Edla Spencer-Churchill, Duchess of Marlborough (née Griffiths; born 1968), is a British ceramist and aristocrat. She is the second wife of Jamie Spencer-Churchill, 12th Duke of Marlborough.

Early life and career 
The Duchess of Marlborough was born in Abergavenny, Monmouthshire, Wales, the daughter of Pauline E (née Jones) and Alun Griffiths. Her father owns Alun Griffiths Contractors, a civil engineering company in Abergavenny.

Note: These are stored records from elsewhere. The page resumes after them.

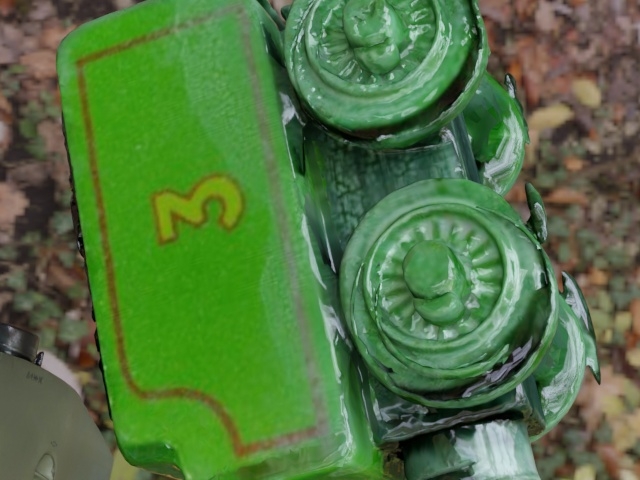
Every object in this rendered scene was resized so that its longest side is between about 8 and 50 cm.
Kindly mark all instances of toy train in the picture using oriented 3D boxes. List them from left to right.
[{"bbox_3d":[0.000,0.000,0.556,0.132,0.188,0.243,42,31,-65],"label":"toy train"}]

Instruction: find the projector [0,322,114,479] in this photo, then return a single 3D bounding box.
[{"bbox_3d":[-0.190,0.131,0.649,0.269,0.088,0.194,50,50,-68],"label":"projector"}]
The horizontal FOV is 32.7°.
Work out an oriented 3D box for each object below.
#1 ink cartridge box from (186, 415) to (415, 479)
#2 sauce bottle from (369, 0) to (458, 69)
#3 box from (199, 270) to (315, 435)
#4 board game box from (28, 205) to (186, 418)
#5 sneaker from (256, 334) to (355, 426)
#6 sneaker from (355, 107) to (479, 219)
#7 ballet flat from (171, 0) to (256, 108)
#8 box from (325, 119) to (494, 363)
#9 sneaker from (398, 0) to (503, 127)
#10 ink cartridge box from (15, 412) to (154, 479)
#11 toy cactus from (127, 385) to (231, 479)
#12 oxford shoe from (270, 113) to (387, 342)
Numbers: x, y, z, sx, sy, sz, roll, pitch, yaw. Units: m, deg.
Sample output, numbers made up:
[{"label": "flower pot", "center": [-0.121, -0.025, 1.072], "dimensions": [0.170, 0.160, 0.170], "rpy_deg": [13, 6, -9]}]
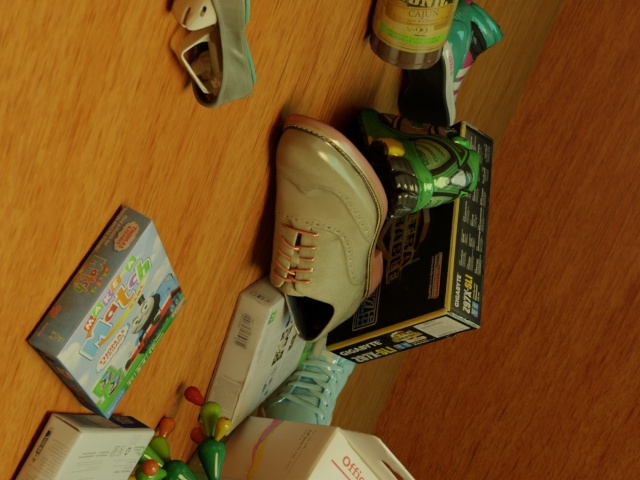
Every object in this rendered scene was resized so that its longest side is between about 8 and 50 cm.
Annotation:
[{"label": "ink cartridge box", "center": [-0.015, 0.374, 1.610], "dimensions": [0.207, 0.353, 0.119], "rpy_deg": [52, 57, -26]}, {"label": "sauce bottle", "center": [0.141, -0.384, 1.404], "dimensions": [0.111, 0.111, 0.344], "rpy_deg": [-51, 160, -41]}, {"label": "box", "center": [-0.064, 0.135, 1.701], "dimensions": [0.322, 0.058, 0.232], "rpy_deg": [-34, 148, -61]}, {"label": "board game box", "center": [-0.209, 0.080, 1.110], "dimensions": [0.160, 0.039, 0.211], "rpy_deg": [-58, 164, -20]}, {"label": "sneaker", "center": [-0.012, 0.226, 1.920], "dimensions": [0.366, 0.135, 0.150], "rpy_deg": [-63, 171, -57]}, {"label": "sneaker", "center": [0.133, -0.111, 1.576], "dimensions": [0.343, 0.146, 0.134], "rpy_deg": [-119, -156, -68]}, {"label": "ballet flat", "center": [-0.098, -0.193, 0.972], "dimensions": [0.068, 0.072, 0.213], "rpy_deg": [-27, 151, -15]}, {"label": "box", "center": [0.135, 0.007, 1.653], "dimensions": [0.257, 0.079, 0.322], "rpy_deg": [-25, -133, 47]}, {"label": "sneaker", "center": [0.217, -0.301, 1.817], "dimensions": [0.178, 0.123, 0.295], "rpy_deg": [-48, 160, -20]}, {"label": "ink cartridge box", "center": [-0.288, 0.297, 1.199], "dimensions": [0.224, 0.045, 0.223], "rpy_deg": [-62, 166, -4]}, {"label": "toy cactus", "center": [-0.161, 0.307, 1.401], "dimensions": [0.112, 0.180, 0.219], "rpy_deg": [-48, -172, 45]}, {"label": "oxford shoe", "center": [0.000, 0.000, 1.447], "dimensions": [0.146, 0.140, 0.397], "rpy_deg": [-54, 151, -27]}]
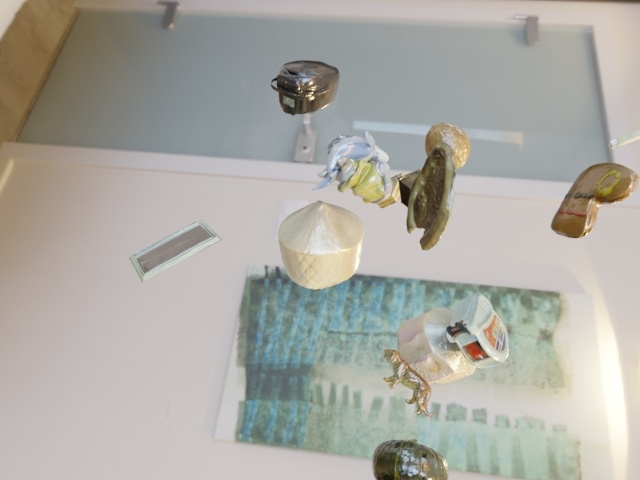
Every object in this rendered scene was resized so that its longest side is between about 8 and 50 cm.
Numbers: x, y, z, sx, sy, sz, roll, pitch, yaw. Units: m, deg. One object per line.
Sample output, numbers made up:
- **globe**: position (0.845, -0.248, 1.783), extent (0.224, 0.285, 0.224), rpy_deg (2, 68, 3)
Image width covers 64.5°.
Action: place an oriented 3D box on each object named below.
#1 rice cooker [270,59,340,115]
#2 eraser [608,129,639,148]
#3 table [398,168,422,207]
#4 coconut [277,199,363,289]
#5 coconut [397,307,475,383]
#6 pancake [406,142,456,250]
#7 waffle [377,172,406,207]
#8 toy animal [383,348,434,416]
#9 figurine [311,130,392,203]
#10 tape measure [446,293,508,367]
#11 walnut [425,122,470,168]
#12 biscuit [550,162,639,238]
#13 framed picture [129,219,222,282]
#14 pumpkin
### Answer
- **rice cooker**: position (-0.036, -0.407, 1.334), extent (0.203, 0.142, 0.118), rpy_deg (-35, 143, -40)
- **eraser**: position (0.848, -0.281, 1.408), extent (0.038, 0.083, 0.019), rpy_deg (19, 53, -67)
- **table**: position (0.252, -0.121, 1.296), extent (0.082, 0.070, 0.083), rpy_deg (-126, -161, -52)
- **coconut**: position (0.000, 0.000, 1.724), extent (0.329, 0.328, 0.329), rpy_deg (5, 90, -84)
- **coconut**: position (0.467, 0.419, 1.996), extent (0.309, 0.297, 0.298), rpy_deg (-40, -148, 47)
- **pancake**: position (0.222, -0.090, 1.015), extent (0.235, 0.029, 0.212), rpy_deg (-113, -145, -77)
- **waffle**: position (0.285, -0.200, 2.020), extent (0.102, 0.042, 0.148), rpy_deg (-23, -149, 50)
- **toy animal**: position (0.270, 0.441, 1.578), extent (0.099, 0.241, 0.057), rpy_deg (-49, 155, 1)
- **figurine**: position (0.081, -0.161, 1.177), extent (0.184, 0.208, 0.128), rpy_deg (60, -30, 1)
- **tape measure**: position (0.545, 0.323, 1.771), extent (0.246, 0.125, 0.243), rpy_deg (54, 36, -8)
- **walnut**: position (0.313, -0.234, 1.257), extent (0.124, 0.105, 0.105), rpy_deg (54, 3, 6)
- **biscuit**: position (0.876, -0.127, 1.648), extent (0.277, 0.052, 0.262), rpy_deg (-61, -170, 11)
- **framed picture**: position (-0.507, 0.026, 1.753), extent (0.231, 0.293, 0.018), rpy_deg (32, -33, 54)
- **pumpkin**: position (0.253, 0.642, 1.431), extent (0.224, 0.223, 0.157), rpy_deg (83, 20, -63)
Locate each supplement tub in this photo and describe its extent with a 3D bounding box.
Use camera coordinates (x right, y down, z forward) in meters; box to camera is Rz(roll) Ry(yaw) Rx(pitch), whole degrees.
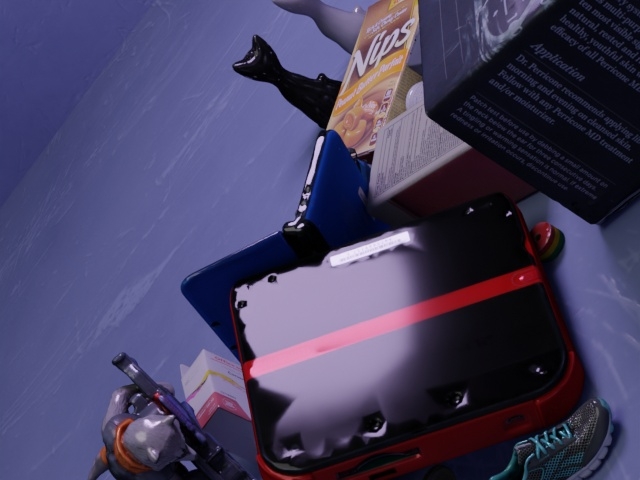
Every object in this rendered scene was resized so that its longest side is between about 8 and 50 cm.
[{"bbox_3d":[0.180,-0.203,2.066,0.107,0.071,0.071,2,66,62],"label":"supplement tub"}]

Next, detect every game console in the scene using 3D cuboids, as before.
[{"bbox_3d":[-0.034,0.027,1.930,0.173,0.293,0.250,0,59,23],"label":"game console"},{"bbox_3d":[0.091,0.121,1.678,0.386,0.060,0.342,-19,43,5],"label":"game console"}]

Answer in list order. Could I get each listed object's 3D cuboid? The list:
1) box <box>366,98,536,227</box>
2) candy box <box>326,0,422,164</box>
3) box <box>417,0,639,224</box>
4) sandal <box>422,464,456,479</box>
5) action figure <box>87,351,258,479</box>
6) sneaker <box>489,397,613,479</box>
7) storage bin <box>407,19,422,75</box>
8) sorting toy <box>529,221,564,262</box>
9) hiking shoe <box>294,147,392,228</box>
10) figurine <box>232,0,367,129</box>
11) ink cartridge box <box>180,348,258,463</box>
[{"bbox_3d":[0.186,-0.113,1.904,0.232,0.126,0.149,-32,39,46],"label":"box"},{"bbox_3d":[0.111,-0.242,2.210,0.183,0.087,0.317,-16,51,56],"label":"candy box"},{"bbox_3d":[0.366,-0.366,1.649,0.471,0.297,0.480,-40,33,33],"label":"box"},{"bbox_3d":[0.138,0.347,1.613,0.049,0.072,0.180,-2,71,37],"label":"sandal"},{"bbox_3d":[-0.216,0.344,2.007,0.178,0.341,0.330,-42,-17,-25],"label":"action figure"},{"bbox_3d":[0.245,0.231,1.517,0.166,0.076,0.065,-54,28,14],"label":"sneaker"},{"bbox_3d":[0.195,-0.283,2.085,0.135,0.098,0.091,3,66,61],"label":"storage bin"},{"bbox_3d":[0.194,0.044,1.827,0.274,0.046,0.132,-47,29,28],"label":"sorting toy"},{"bbox_3d":[0.000,0.000,2.121,0.304,0.132,0.113,-54,27,15],"label":"hiking shoe"},{"bbox_3d":[-0.019,-0.327,2.389,0.215,0.209,0.092,-62,26,-2],"label":"figurine"},{"bbox_3d":[-0.142,0.240,2.160,0.067,0.115,0.198,-54,27,16],"label":"ink cartridge box"}]
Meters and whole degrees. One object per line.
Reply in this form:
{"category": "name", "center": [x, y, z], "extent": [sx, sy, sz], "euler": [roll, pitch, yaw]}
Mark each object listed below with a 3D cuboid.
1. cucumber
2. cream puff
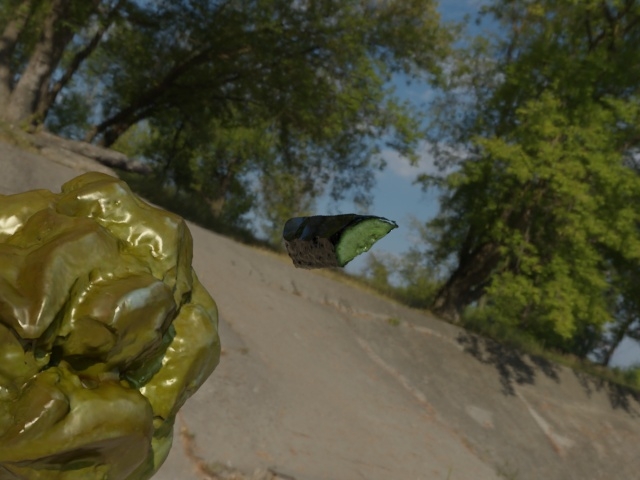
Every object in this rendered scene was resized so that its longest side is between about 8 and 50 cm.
{"category": "cucumber", "center": [0.000, 0.000, 0.794], "extent": [0.046, 0.070, 0.220], "euler": [46, -20, -17]}
{"category": "cream puff", "center": [-0.247, 0.080, 0.619], "extent": [0.291, 0.324, 0.257], "euler": [28, -14, 2]}
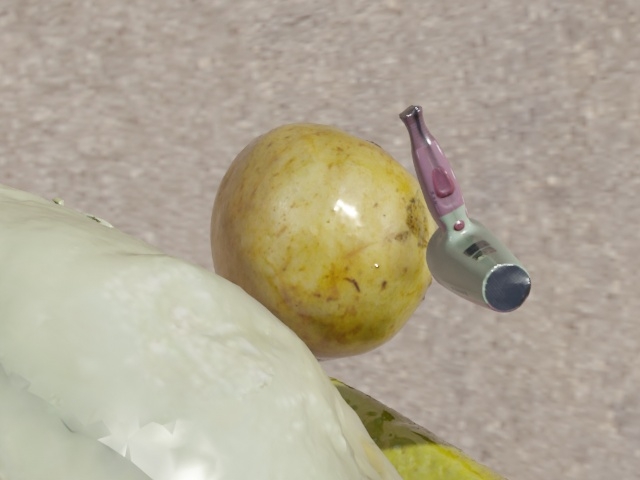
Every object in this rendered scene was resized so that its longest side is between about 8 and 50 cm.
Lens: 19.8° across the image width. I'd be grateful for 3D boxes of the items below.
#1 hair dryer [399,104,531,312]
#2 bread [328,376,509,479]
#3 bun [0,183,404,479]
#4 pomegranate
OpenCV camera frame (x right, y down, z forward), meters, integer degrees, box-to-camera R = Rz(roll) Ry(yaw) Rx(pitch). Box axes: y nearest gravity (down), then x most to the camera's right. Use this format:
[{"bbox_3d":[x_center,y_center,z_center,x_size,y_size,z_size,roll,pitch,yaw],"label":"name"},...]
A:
[{"bbox_3d":[0.091,-0.024,1.294,0.054,0.106,0.154,-31,105,-7],"label":"hair dryer"},{"bbox_3d":[0.070,0.263,1.293,0.233,0.361,0.245,-51,139,-2],"label":"bread"},{"bbox_3d":[-0.067,0.096,0.562,0.287,0.287,0.146,55,48,-16],"label":"bun"},{"bbox_3d":[0.000,0.000,1.915,0.260,0.260,0.260,-1,92,-24],"label":"pomegranate"}]
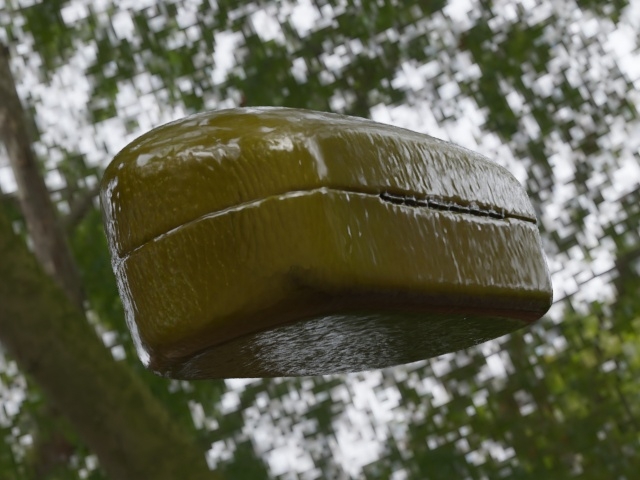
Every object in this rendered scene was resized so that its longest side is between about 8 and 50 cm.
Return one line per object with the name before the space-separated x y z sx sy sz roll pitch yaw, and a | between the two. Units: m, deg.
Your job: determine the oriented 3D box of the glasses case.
glasses case | 0.000 0.000 1.026 0.173 0.141 0.371 -22 -13 26

She studied ceramics at Camberwell College of Art, illustration at St. Martin's and ceramics at the Royal College of Art. She specialises in the creation of unique but functional hand-built ceramics based on ideas from her environment, such as foliage, birds, and interiors, blended with themes gleaned from museums, exhibitions, and travel. As Edla Griffiths, she has exhibited at the Victoria and Albert Museum and the Crafts Council.

Personal life 
Edla Griffiths married James Spencer-Churchill, 12th Duke of Marlborough, on 1 March 2002 at the Woodstock Register Office in Oxfordshire. The couple have two children:
 Lady Araminta Clementine Megan Spencer-Churchill (born 8 April 2007)
 Lord Caspar Sasha Ivor Spencer-Churchill (born 18 October 2008)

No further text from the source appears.